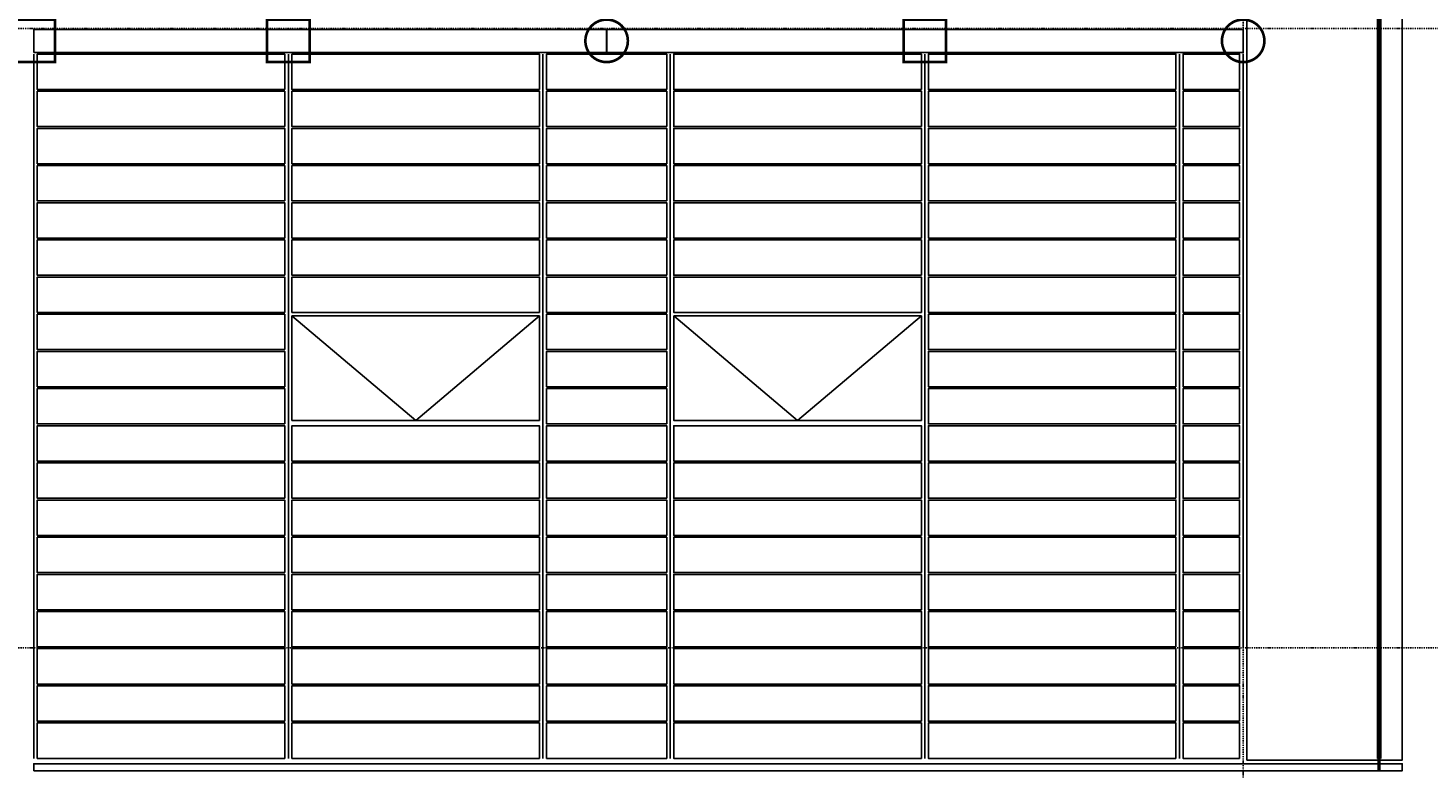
# Model space of a CAD drawing. Header units: millimetres. Extents: x 361 to 67326, y 666 to 56869.
# Tile 127 of 129: x 52786 to 60704, y 40866 to 45054. Entities that reach past the tile are written whole.
import ezdxf

# ---------------------------------------------------------------- set-up
doc = ezdxf.new("R2010")
doc.units = ezdxf.units.MM
doc.linetypes.add('DASHDOT', pattern=[25.4, 12.7, -6.35, 0, -6.35])
doc.linetypes.add('GESTRICHELTX2', pattern=[0.3, 0.2, -0.1])
for name, color, linetype in [('alu uprof', 3, 'Continuous'), ('beugels', 3, 'Continuous'), ('keramiek', 1, 'Continuous'), ('kozijn', 2, 'Continuous'), ('maat', 1, 'Continuous'), ('stramien', 1, 'DASHDOT'), ('vanarris', 253, 'Continuous')]:
    doc.layers.add(name, color=color, linetype=linetype)
doc.styles.add('dd', font='ddHelvetica45.ttf')
doc.dimstyles.new('DD-PEIL MAATVOERING', dxfattribs={"dimscale": 18, "dimtxt": 2, "dimasz": 3, "dimexe": 4, "dimexo": 4, "dimgap": 1, "dimtad": 2, "dimjust": 4, "dimtoh": 1, "dimdec": 0, "dimrnd": 1, "dimzin": 12, "dimdsep": 46, "dimtxsty": 'dd', "dimblk1": 'NONE', "dimblk2": 'PEIL +p', "dimsah": 1, "dimcen": 0, "dimse1": 1, "dimse2": 1, "dimsd1": 1, "dimsd2": 1, "dimclrd": 253, "dimclre": 253, "dimclrt": 7, "dimadec": 0, "dimazin": 0, "dimtfac": 1, "dimtdec": 0, "dimtofl": 0, "dimtmove": 0, "dimatfit": 0, "dimldrblk": 'NONE', "dimfxl": 0.5, "dimtfill": 1, "dimtolj": 1, "dimtzin": 0, "dimarcsym": 0})

# ---------------------------------------------------------------- blocks, each defined once
blk = doc.blocks.new('*U72')
at = {"layer": 'stramien', "color": 1, "ltscale": 0.5}
blk.add_lwpolyline([(0, 21501.2), (0, -25501.2)], dxfattribs=at)
blk = doc.blocks.new('*U71')
at = {"layer": 'stramien', "color": 0, "linetype": 'ByBlock', "lineweight": -2, "transparency": 16777216}
blk.add_blockref('*U72', (50400, 0), dxfattribs=at)
blk = doc.blocks.new('*U360')
at = {"layer": 'keramiek'}
blk.add_lwpolyline([(-700, -100), (700, -100), (700, 100), (-700, 100)], close=True, dxfattribs=at)
blk = doc.blocks.new('*U361')
at = {"layer": 'keramiek', "color": 0, "linetype": 'ByBlock', "lineweight": -2, "transparency": 16777216}
for p in [(0, 3780), (0, 3570), (0, 3360), (0, 3150), (0, 2940), (0, 2730), (0, 2520), (0, 2310), (0, 2100), (0, 1890), (0, 1680), (0, 1470), (0, 1260), (0, 1050), (0, 840), (0, 630), (0, 420), (0, 210), (0, 0)]:
    blk.add_blockref('*U360', p, dxfattribs=at)
blk = doc.blocks.new('*U358')
at = {"layer": 'keramiek'}
blk.add_lwpolyline([(-340, -100), (340, -100), (340, 100), (-340, 100)], close=True, dxfattribs=at)
blk = doc.blocks.new('*U359')
at = {"layer": 'alu uprof', "color": 0, "linetype": 'ByBlock', "lineweight": -2, "transparency": 16777216}
for p in [(0, 3780), (0, 3570), (0, 3360), (0, 3150), (0, 2940), (0, 2730), (0, 2520), (0, 2310), (0, 2100), (0, 1890), (0, 1680), (0, 1470), (0, 1260), (0, 1050), (0, 840), (0, 630), (0, 420), (0, 210), (0, 0)]:
    blk.add_blockref('*U358', p, dxfattribs=at)
blk = doc.blocks.new('*U356')
at = {"layer": 'keramiek'}
blk.add_lwpolyline([(20, -100), (340, -100), (340, 100), (20, 100)], close=True, dxfattribs=at)
blk = doc.blocks.new('*U357')
at = {"layer": 'alu uprof', "color": 0, "linetype": 'ByBlock', "lineweight": -2, "transparency": 16777216}
for p in [(0, 3780), (0, 3570), (0, 3360), (0, 3150), (0, 2940), (0, 2730), (0, 2520), (0, 2310), (0, 2100), (0, 1890), (0, 1680), (0, 1470), (0, 1260), (0, 1050), (0, 840), (0, 630), (0, 420), (0, 210), (0, 0)]:
    blk.add_blockref('*U356', p, dxfattribs=at)
blk = doc.blocks.new('*U354')
at = {"layer": 'keramiek'}
blk.add_lwpolyline([(-700, -100), (700, -100), (700, 100), (-700, 100)], close=True, dxfattribs=at)
blk = doc.blocks.new('*U355')
at = {"layer": 'keramiek', "color": 0, "linetype": 'ByBlock', "lineweight": -2, "transparency": 16777216}
for p in [(0, 1680), (0, 1470), (0, 1260), (0, 1050), (0, 840), (0, 630), (0, 420), (0, 210), (0, 0)]:
    blk.add_blockref('*U354', p, dxfattribs=at)
blk = doc.blocks.new('*U363')
at = {"layer": 'keramiek'}
blk.add_lwpolyline([(-700, -100), (700, -100), (700, 100), (-700, 100)], close=True, dxfattribs=at)
blk = doc.blocks.new('*U364')
at = {"layer": 'keramiek', "color": 0, "linetype": 'ByBlock', "lineweight": -2, "transparency": 16777216}
for p in [(0, 1680), (0, 1470), (0, 1260), (0, 1050), (0, 840), (0, 630), (0, 420), (0, 210), (0, 0)]:
    blk.add_blockref('*U363', p, dxfattribs=at)
blk = doc.blocks.new('*U365')
at = {"layer": 'keramiek'}
blk.add_lwpolyline([(-700, -100), (700, -100), (700, 100), (-700, 100)], close=True, dxfattribs=at)
blk = doc.blocks.new('*U362')
at = {"layer": 'keramiek', "color": 0, "linetype": 'ByBlock', "lineweight": -2, "transparency": 16777216}
for p in [(0, 3780), (0, 3570), (0, 3360), (0, 3150), (0, 2940), (0, 2730), (0, 2520), (0, 2310), (0, 2100), (0, 1890), (0, 1680), (0, 1470), (0, 1260), (0, 1050), (0, 840), (0, 630), (0, 420), (0, 210), (0, 0)]:
    blk.add_blockref('*U365', p, dxfattribs=at)
blk = doc.blocks.new('*U366')
at = {"layer": 'keramiek'}
blk.add_lwpolyline([(-700, -100), (700, -100), (700, 100), (-700, 100)], close=True, dxfattribs=at)
blk = doc.blocks.new('*U367')
at = {"layer": 'keramiek', "color": 0, "linetype": 'ByBlock', "lineweight": -2, "transparency": 16777216}
for p in [(0, 1260), (0, 1050), (0, 840), (0, 630), (0, 420), (0, 210), (0, 0)]:
    blk.add_blockref('*U366', p, dxfattribs=at)
blk = doc.blocks.new('*U368')
at = {"layer": 'keramiek'}
blk.add_lwpolyline([(-700, -100), (700, -100), (700, 100), (-700, 100)], close=True, dxfattribs=at)
blk = doc.blocks.new('*U369')
at = {"layer": 'keramiek', "color": 0, "linetype": 'ByBlock', "lineweight": -2, "transparency": 16777216}
for p in [(0, 1260), (0, 1050), (0, 840), (0, 630), (0, 420), (0, 210), (0, 0)]:
    blk.add_blockref('*U368', p, dxfattribs=at)
blk = doc.blocks.new('PEIL +p')
blk.add_line((0, 0.5), (0, -0.5))
blk.add_lwpolyline([(0, 0, 0, 1, 0), (1, 0, 1, 1, 0)], format="xyseb")
blk.add_lwpolyline([(0, 0), (1, -0.5), (1, 0.5), (0, 0)], close=True)
blk = doc.blocks.new('*D411')
at = {"layer": 'Defpoints', "color": 0, "transparency": 16777216}
for p in [(60220.4, 41551.2), (62922.7, 41551.2), (60220.4, 17051.2)]:
    blk.add_point(p, dxfattribs=at)
at = {"layer": 'maat', "color": 253, "linetype": 'GESTRICHELTX2', "lineweight": -2, "transparency": 16777216}
blk.add_line((62922.7, 17051.2), (62922.7, 41251.2), dxfattribs=at)
at = {"layer": 'maat', "color": 253, "lineweight": -2, "transparency": 16777216, "xscale": 300, "yscale": 300, "zscale": 300, "rotation": 90}
blk.add_blockref('PEIL +p', (62922.7, 41551.2), dxfattribs=at)
at = {"layer": 'maat', "color": 7, "transparency": 16777216, "insert": (64005.4, 41777.9), "char_height": 200, "attachment_point": 5, "style": 'dd', "bg_fill": 3, "box_fill_scale": 1.1, "bg_fill_color": 256, "bg_fill_true_color": 13158600, "bg_fill_transparency": 0}
blk.add_mtext('\\A1;24500 +p', dxfattribs=at)
blk = doc.blocks.new('_NONE')
at = {"color": 0, "linetype": 'ByBlock'}
blk.add_circle((0, 0), 0.25, dxfattribs=at)
blk = doc.blocks.new('*D412')
at = {"layer": 'Defpoints', "color": 0, "transparency": 16777216}
for p in [(60220.4, 45051.2), (62922.7, 45051.2), (60220.4, 17051.2)]:
    blk.add_point(p, dxfattribs=at)
at = {"layer": 'maat', "color": 253, "linetype": 'GESTRICHELTX2', "lineweight": -2, "transparency": 16777216}
blk.add_line((62922.7, 17051.2), (62922.7, 44751.2), dxfattribs=at)
at = {"layer": 'maat', "color": 253, "lineweight": -2, "transparency": 16777216, "xscale": 300, "yscale": 300, "zscale": 300, "rotation": 90}
blk.add_blockref('PEIL +p', (62922.7, 45051.2), dxfattribs=at)
at = {"layer": 'maat', "color": 7, "transparency": 16777216, "insert": (64005.4, 45277.9), "char_height": 200, "attachment_point": 5, "style": 'dd', "bg_fill": 3, "box_fill_scale": 1.1, "bg_fill_color": 256, "bg_fill_true_color": 13158600, "bg_fill_transparency": 0}
blk.add_mtext('\\A1;28000 +p', dxfattribs=at)
blk = doc.blocks.new('*D413')
at = {"layer": 'Defpoints', "color": 0, "transparency": 16777216}
for p in [(60220.4, 48551.2), (62922.7, 48551.2), (60220.4, 17051.2)]:
    blk.add_point(p, dxfattribs=at)
at = {"layer": 'maat', "color": 253, "linetype": 'GESTRICHELTX2', "lineweight": -2, "transparency": 16777216}
blk.add_line((62922.7, 17051.2), (62922.7, 48251.2), dxfattribs=at)
at = {"layer": 'maat', "color": 253, "lineweight": -2, "transparency": 16777216, "xscale": 300, "yscale": 300, "zscale": 300, "rotation": 90}
blk.add_blockref('PEIL +p', (62922.7, 48551.2), dxfattribs=at)
at = {"layer": 'maat', "color": 7, "transparency": 16777216, "insert": (64006.3, 48777.9), "char_height": 200, "attachment_point": 5, "style": 'dd', "bg_fill": 3, "box_fill_scale": 1.1, "bg_fill_color": 256, "bg_fill_true_color": 13158600, "bg_fill_transparency": 0}
blk.add_mtext('\\A1;31500 +p', dxfattribs=at)
blk = doc.blocks.new('*D414')
at = {"layer": 'Defpoints', "color": 0, "transparency": 16777216}
for p in [(57991.1, 48931.2), (62922.7, 48931.2), (60220.4, 17051.2)]:
    blk.add_point(p, dxfattribs=at)
at = {"layer": 'maat', "color": 253, "linetype": 'GESTRICHELTX2', "lineweight": -2, "transparency": 16777216}
blk.add_line((62922.7, 17051.2), (62922.7, 48631.2), dxfattribs=at)
at = {"layer": 'maat', "color": 253, "lineweight": -2, "transparency": 16777216, "xscale": 300, "yscale": 300, "zscale": 300, "rotation": 90}
blk.add_blockref('PEIL +p', (62922.7, 48931.2), dxfattribs=at)
at = {"layer": 'maat', "color": 7, "transparency": 16777216, "insert": (64006.3, 49157.9), "char_height": 200, "attachment_point": 5, "style": 'dd', "bg_fill": 3, "box_fill_scale": 1.1, "bg_fill_color": 256, "bg_fill_true_color": 13158600, "bg_fill_transparency": 0}
blk.add_mtext('\\A1;31880 +p', dxfattribs=at)

msp = doc.modelspace()

# ---------------------------------------------------------------- linework, layer by layer
at = {"layer": 'alu uprof'}
for points in [[(59678.9, 40916.2), (60558.9, 40916.2), (60558.9, 48836.2), (59678.9, 48836.2)], [(52818.9, 44916.2), (56058.9, 44916.2), (56058.9, 45046.2), (52818.9, 45046.2)], [(56058.9, 44916.2), (59658.9, 44916.2), (59658.9, 45046.2), (56058.9, 45046.2)], [(52818.9, 40856.2), (60558.9, 40856.2), (60558.9, 40896.2), (52818.9, 40896.2)]]:
    msp.add_lwpolyline(points, close=True, dxfattribs=at)
for points in [[(52818.9, 44906.2), (52818.9, 40926.2)], [(54258.9, 44906.2), (54258.9, 40926.2)], [(55698.9, 44906.2), (55698.9, 40926.2)], [(56418.9, 44906.2), (56418.9, 40926.2)], [(57858.9, 44906.2), (57858.9, 40926.2)], [(59298.9, 44906.2), (59298.9, 40926.2)], [(59658.9, 44906.2), (59658.9, 41556.2)]]:
    msp.add_lwpolyline(points, dxfattribs=at)
at = {"layer": 'beugels', "color": 93, "const_width": 15}
for points in [[(52938.9, 44861.2), (52698.9, 44861.2), (52698.9, 45101.2), (52938.9, 45101.2)], [(54378.9, 44861.2), (54138.9, 44861.2), (54138.9, 45101.2), (54378.9, 45101.2)]]:
    msp.add_lwpolyline(points, close=True, dxfattribs=at)
at = {"layer": 'beugels', "color": 10, "const_width": 15}
msp.add_lwpolyline([(56179, 44982.1, 0.412064), (56058.9, 45101.3, 0.412362), (55938.8, 44981.9, 0.416068), (56058.9, 44861.1, 0.416366)], format="xyb", close=True, dxfattribs=at)
at = {"layer": 'beugels', "color": 10, "const_width": 10}
for points in [[(52818.9, 44916.2), (52818.9, 45046.2)], [(56058.9, 44916.2), (56058.9, 45046.2)]]:
    msp.add_lwpolyline(points, dxfattribs=at)
at = {"layer": 'kozijn'}
for points in [[(54278.9, 43426.2), (55678.9, 43426.2), (55678.9, 42836.2), (54278.9, 42836.2)], [(56438.9, 43426.2), (57838.9, 43426.2), (57838.9, 42836.2), (56438.9, 42836.2)]]:
    msp.add_lwpolyline(points, close=True, dxfattribs=at)
at = {"layer": 'kozijn', "color": 1}
for points in [[(54278.9, 43426.2), (54978.9, 42836.2), (55678.9, 43426.2)], [(56438.9, 43426.2), (57138.9, 42836.2), (57838.9, 43426.2)]]:
    msp.add_lwpolyline(points, dxfattribs=at)
at = {"layer": 'stramien', "color": 1, "ltscale": 0.5}
for points in [[(1736.5, 45051.2), (67326.2, 45051.2)], [(1736.5, 41551.2), (67326.2, 41551.2)]]:
    msp.add_lwpolyline(points, dxfattribs=at)
at = {"layer": 'vanarris', "lineweight": 70}
msp.add_line((60428.9, 48836.2), (60428.9, 40926.2), dxfattribs=at)
at = {"layer": 'vanarris', "lineweight": 50}
msp.add_line((60428.9, 40861.2), (60428.9, 40926.2), dxfattribs=at)

# ---------------------------------------------------------------- block references
at = {"layer": 'alu uprof', "xscale": -1}
for name, p in [('*U359', (56058.9, 41026.2)), ('*U357', (59658.9, 41026.2))]:
    msp.add_blockref(name, p, dxfattribs=at)
at = {"layer": 'keramiek', "xscale": -1}
for name, p in [('*U362', (53538.9, 41026.2)), ('*U369', (54978.9, 43546.2)), ('*U367', (57138.9, 43546.2)), ('*U361', (58578.9, 41026.2)), ('*U364', (54978.9, 41026.2)), ('*U355', (57138.9, 41026.2))]:
    msp.add_blockref(name, p, dxfattribs=at)
at = {"layer": 'stramien'}
msp.add_blockref('*U71', (9258.9, 34362.5), dxfattribs=at)

# ---------------------------------------------------------------- next in the draw order: dimensions: what is measured, and where the dimension line sits
at = {"layer": 'maat'}
dim = msp.add_linear_dim(base=(62922.7, 41551.2), p1=(60220.4, 17051.2), p2=(60220.4, 41551.2), angle=90, dimstyle='DD-PEIL MAATVOERING', override={"dimpost": ' +p'}, dxfattribs=at)
dim.commit()
dim.dimension.update_dxf_attribs({"geometry": '*D411', "text_midpoint": (64005.4, 41777.9)})

# ---------------------------------------------------------------- next in the draw order: dimensions: what is measured, and where the dimension line sits
dim = msp.add_linear_dim(base=(62922.7, 45051.2), p1=(60220.4, 17051.2), p2=(60220.4, 45051.2), angle=90, dimstyle='DD-PEIL MAATVOERING', override={"dimpost": ' +p'}, dxfattribs=at)
dim.commit()
dim.dimension.update_dxf_attribs({"geometry": '*D412', "text_midpoint": (64005.4, 45277.9)})

# ---------------------------------------------------------------- next in the draw order: dimensions: what is measured, and where the dimension line sits
dim = msp.add_linear_dim(base=(62922.7, 48551.2), p1=(60220.4, 17051.2), p2=(60220.4, 48551.2), angle=90, dimstyle='DD-PEIL MAATVOERING', override={"dimpost": ' +p'}, dxfattribs=at)
dim.commit()
dim.dimension.update_dxf_attribs({"geometry": '*D413', "text_midpoint": (64006.3, 48777.9)})

# ---------------------------------------------------------------- next in the draw order: dimensions: what is measured, and where the dimension line sits
dim = msp.add_linear_dim(base=(62922.7, 48931.2), p1=(60220.4, 17051.2), p2=(57991.1, 48931.2), angle=90, dimstyle='DD-PEIL MAATVOERING', override={"dimpost": ' +p'}, dxfattribs=at)
dim.commit()
dim.dimension.update_dxf_attribs({"geometry": '*D414', "text_midpoint": (64006.3, 49157.9)})

# ---------------------------------------------------------------- next in the draw order: linework, layer by layer
at = {"layer": 'beugels', "color": 93, "const_width": 15}
msp.add_lwpolyline([(57978.9, 44861.2), (57738.9, 44861.2), (57738.9, 45101.2), (57978.9, 45101.2)], close=True, dxfattribs=at)
at = {"layer": 'beugels', "color": 10, "const_width": 15}
msp.add_lwpolyline([(59779, 44982.1, 0.412064), (59658.9, 45101.3, 0.412362), (59538.8, 44981.9, 0.416068), (59658.9, 44861.1, 0.416366)], format="xyb", close=True, dxfattribs=at)
at = {"layer": 'beugels', "color": 10, "const_width": 10}
msp.add_lwpolyline([(59658.9, 44916.2), (59658.9, 45046.2)], dxfattribs=at)

doc.saveas('drawing.dxf')

--- TASK STATEMENT ---
Could you restate word for word the lines above, from the one that contains "doc.linetypes.add('GESTRICHELTX2', pattern=[0.3, 0.2, -0.1])" through the one that contains "doc.styles.add('dd', font='ddHelvetica45.ttf')", and no others?

--- RESPONSE TO THE TASK ---
doc.linetypes.add('GESTRICHELTX2', pattern=[0.3, 0.2, -0.1])
for name, color, linetype in [('alu uprof', 3, 'Continuous'), ('beugels', 3, 'Continuous'), ('keramiek', 1, 'Continuous'), ('kozijn', 2, 'Continuous'), ('maat', 1, 'Continuous'), ('stramien', 1, 'DASHDOT'), ('vanarris', 253, 'Continuous')]:
    doc.layers.add(name, color=color, linetype=linetype)
doc.styles.add('dd', font='ddHelvetica45.ttf')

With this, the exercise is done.